«Эпиорнис» сдвинули по рельсам до края площадки. Пассажирам остается только сесть в каюту и проститься с остающимися.
По мере приближения решительной минуты в сердцах остающихся все более и более растет страх, предчувствия, которые они до сих пор силились побороть. Тщетно отгоняют они воспоминания о целом ряде попыток воздухоплавания за последнее столетие, закончившихся гибелью смелых аэронавтов. Напрасно Массе старается убедить, что мотор Анри безопасен; он и сам этому не верит, да никто и не слушает его: все слишком озабочены, чтобы не выдать себя, своих мрачных предчувствий и не омрачить уезжающих пассажиров. За обедом, последним перед отъездом, почти никто ничего не ел: одни были возбуждены близостью предстоящего опыта, не хотели есть и шутили, говоря, что будут ужинать сегодня в облаках; другие содрогались от ужаса при этих словах и не в силах были дотронуться ни до одного из поданных блюд. Были основания бояться. Эта механическая птица, о свойствах которой можно было судить еще только по теории, унесет все, что может быть близкого и дорогого: горячо любимых сына, братьев, жениха, мужа, отца! Все ли они вернутся из этой опасной экспедиции? Даже оптимист Массе должен сделать над собой усилие, чтобы не выдать своего волнения. Бледная, дрожащая Колетта старается улыбнуться. Мадам Массе прячет свое заплаканное лицо: она обещала выдержать до конца, но не может! Анри пробует утешить ее, но это только вызывает с ее стороны поток слез.

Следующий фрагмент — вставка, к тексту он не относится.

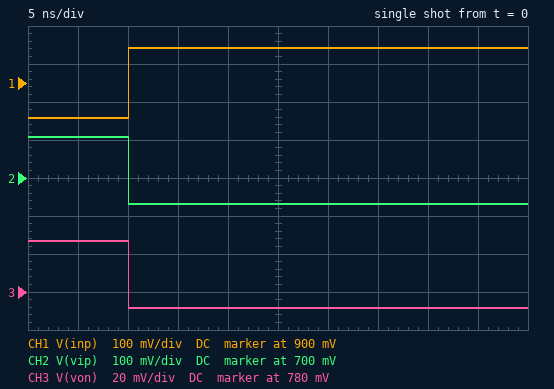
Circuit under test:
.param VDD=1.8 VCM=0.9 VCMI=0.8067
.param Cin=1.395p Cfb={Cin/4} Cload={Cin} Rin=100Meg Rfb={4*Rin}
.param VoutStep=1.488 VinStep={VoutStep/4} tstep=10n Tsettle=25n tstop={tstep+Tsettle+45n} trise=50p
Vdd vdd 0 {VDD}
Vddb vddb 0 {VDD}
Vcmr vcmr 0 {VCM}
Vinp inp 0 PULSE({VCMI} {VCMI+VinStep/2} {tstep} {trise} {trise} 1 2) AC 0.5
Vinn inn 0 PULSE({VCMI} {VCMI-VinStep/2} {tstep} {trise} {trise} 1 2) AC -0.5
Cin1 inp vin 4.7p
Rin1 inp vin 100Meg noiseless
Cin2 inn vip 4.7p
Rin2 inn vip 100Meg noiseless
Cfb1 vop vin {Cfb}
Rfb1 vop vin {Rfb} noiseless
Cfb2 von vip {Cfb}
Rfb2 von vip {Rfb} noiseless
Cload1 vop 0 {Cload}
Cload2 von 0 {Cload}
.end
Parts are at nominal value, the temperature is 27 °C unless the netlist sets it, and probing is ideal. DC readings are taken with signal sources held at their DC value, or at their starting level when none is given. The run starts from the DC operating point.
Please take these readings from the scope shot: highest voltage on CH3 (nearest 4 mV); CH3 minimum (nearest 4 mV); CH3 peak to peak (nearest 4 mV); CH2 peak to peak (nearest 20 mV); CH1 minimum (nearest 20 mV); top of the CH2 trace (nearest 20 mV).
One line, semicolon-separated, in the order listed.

808 mV; 772 mV; 36 mV; 180 mV; 800 mV; 800 mV
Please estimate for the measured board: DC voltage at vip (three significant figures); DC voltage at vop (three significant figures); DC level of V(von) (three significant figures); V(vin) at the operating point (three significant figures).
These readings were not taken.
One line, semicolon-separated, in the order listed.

807 mV; 807 mV; 807 mV; 807 mV
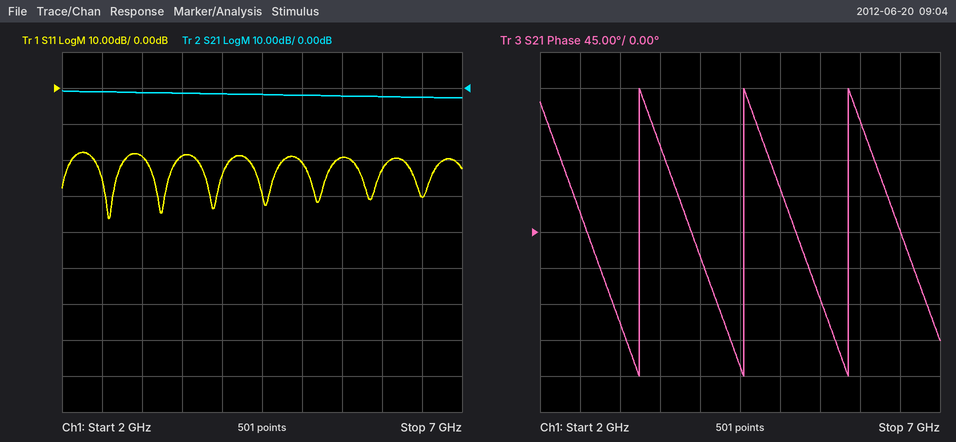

— Анри, мой Анри! Обещай, что ты вернешься и привезешь с собой Жерара, что вы все вернетесь! — в отчаянии лепечет бедная мать.
Это послужило как бы сигналом к общему волнению. Колетта, обвив руками шею Жерара, прижимается к своему дорогому брату, с которым разделила столько бед. Вот она отодвигается от него немного, всматривается в его черты, как будто видит его в последний раз; увидит ли она когда-нибудь блеск его синих глаз, прямую улыбку губ, не знающих, что такое ложь! Неужели этому смелому, умному, доброму человеку суждено погибнуть или во время этого полета, или от пули тех, которые взяли в плен Николь?
И, сама того не замечая, Колетта тоже плачет.
Лина, обняв отца, рыдает на его груди, а старый ученый тихонько гладит ее белокурую головку. Мартина громко всхлипывает, а Ле Ген сморкается, точно трубит.
— Ну, ну! — говорит наконец Массе, откашливаясь, чтобы скрыть свое волнение. — Веселее! Принеси-ка сюда, Ле Ген, бутылку шампанского, мы выпьем за удачу предприятия. Ради Бога! Покажем богине Фортуне веселые лица, она ужасно не любит хмурых!